Today I have for you some short-ish reviews of the most recent book I’ve read in several different series:

Title: Heroes (Fry’s Greek Myths series – Book 2 of 3)
Author: Stephen Fry
Genre: Mythology Retelling
Pages: 352
Rating: 4.5 of 5

This was every bit as good as the first book in the series! This time he focuses more on the human heroes like Heracles, Theseus, and Jason (though the capricious meddlesome gods are still very much in evidence, of course). I would again recommend the audiobook as you get not only Fry’s witty phrasing, but his humorous intonation. As with the first book, Fry keeps the personal interpretation and commentary to a minimum (though I would say Prometheus is his favorite character with repeated emphasis on humans “outgrowing” or superseding the gods). The story stops short of the Trojan War, and I am looking forward to listening to the third (and final?) book in the series that covers those events.
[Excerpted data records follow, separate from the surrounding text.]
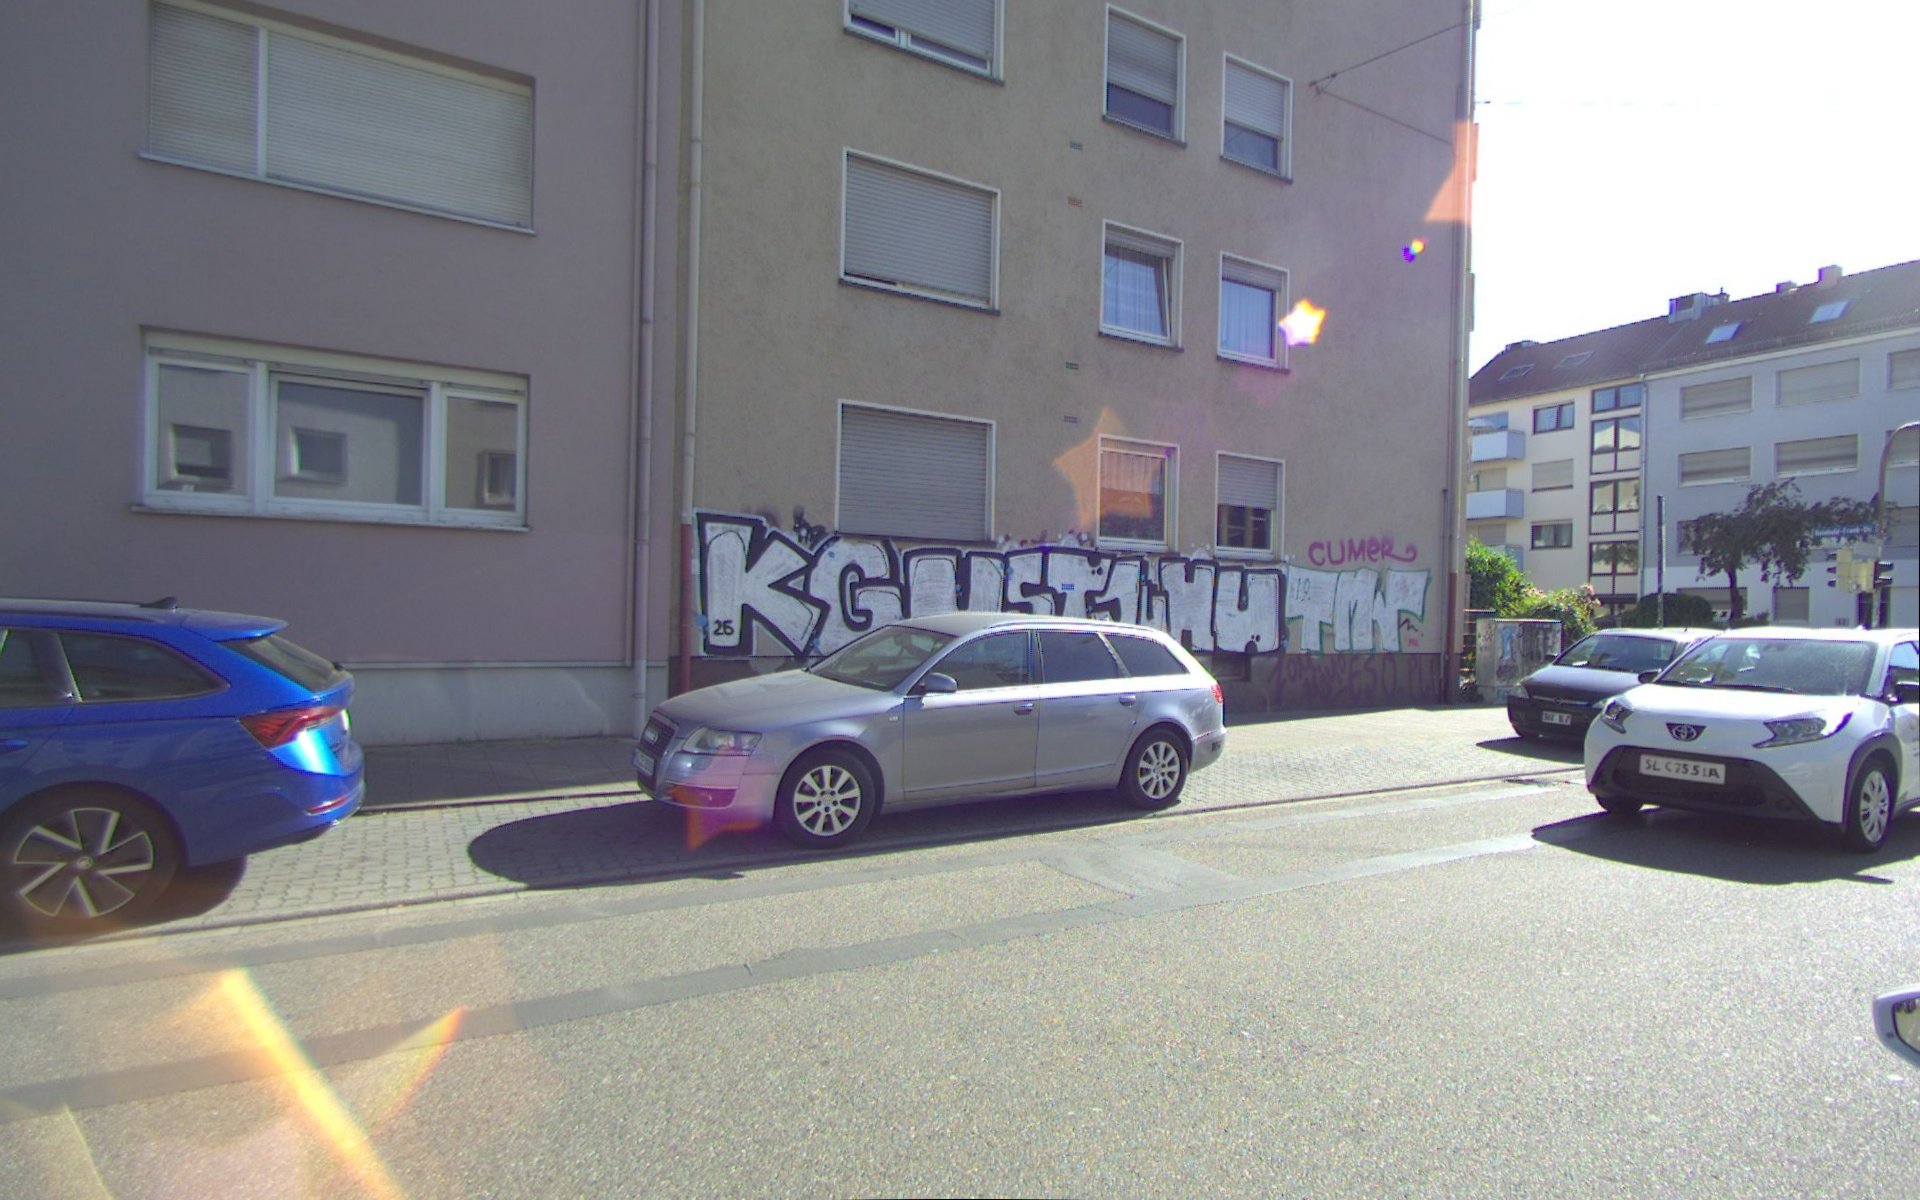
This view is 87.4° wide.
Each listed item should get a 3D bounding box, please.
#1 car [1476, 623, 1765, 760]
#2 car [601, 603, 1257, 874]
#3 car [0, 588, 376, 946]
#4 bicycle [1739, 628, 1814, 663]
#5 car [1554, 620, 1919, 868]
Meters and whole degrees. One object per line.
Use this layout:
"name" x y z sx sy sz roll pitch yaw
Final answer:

The Talented Mr. Ripley by [Patricia Highsmith]

Titles: The Talented Mr. Ripley and Ripley Under Ground (Ripley series – Books 1 & 2 of 5)
Author: Patricia Highsmith
Genre: Crime Novels
Pages: 288 each
Rating: 3.5 of 5 & 2 of 5

I’m not sure quite what to make of these books. They follow the escapades of our sociopathic protagonist as he pursues the good life through fraud, manipulation, and occasionally murder (but only if it’s absolutely necessary). Pursues might actually be a bit strong of a word because he kind of drifts along taking advantage of opportunities as they happen. The first book was interesting as a character study of a horrible person, but the second one felt like a tired attempt to cash in on past success and had a completely implausible non-ending that seemed like the setup for a sequel. I’ll probably try at least one more book in the series out of morbid curiosity, but I don’t have high expectations.

Artificial Condition: The Murderbot Diaries by [Martha Wells]

Title: Artificial Condition (Murderbot Diaries book 2 of 6?)
Author: Martha Wells
Genre: Sci-Fi
Pages: 160
Rating: 5 of 5

This series continues to impress and entertain. This novella picks up almost immediately after the first one. Murderbot (a more-or-less-illegally unfettered AI security cyborg) takes its first independent contract while trying to understand its past, pass for an augmented human, navigate awkward interactions with actual humans, and watch some of its vast store of downloaded entertainment programs. A shipbound AI (ART) provides a lot of help (and entertainment value) throughout the book, and hopefully will put in encore appearances later in the series. I’m definitely looking forward to continuing this series.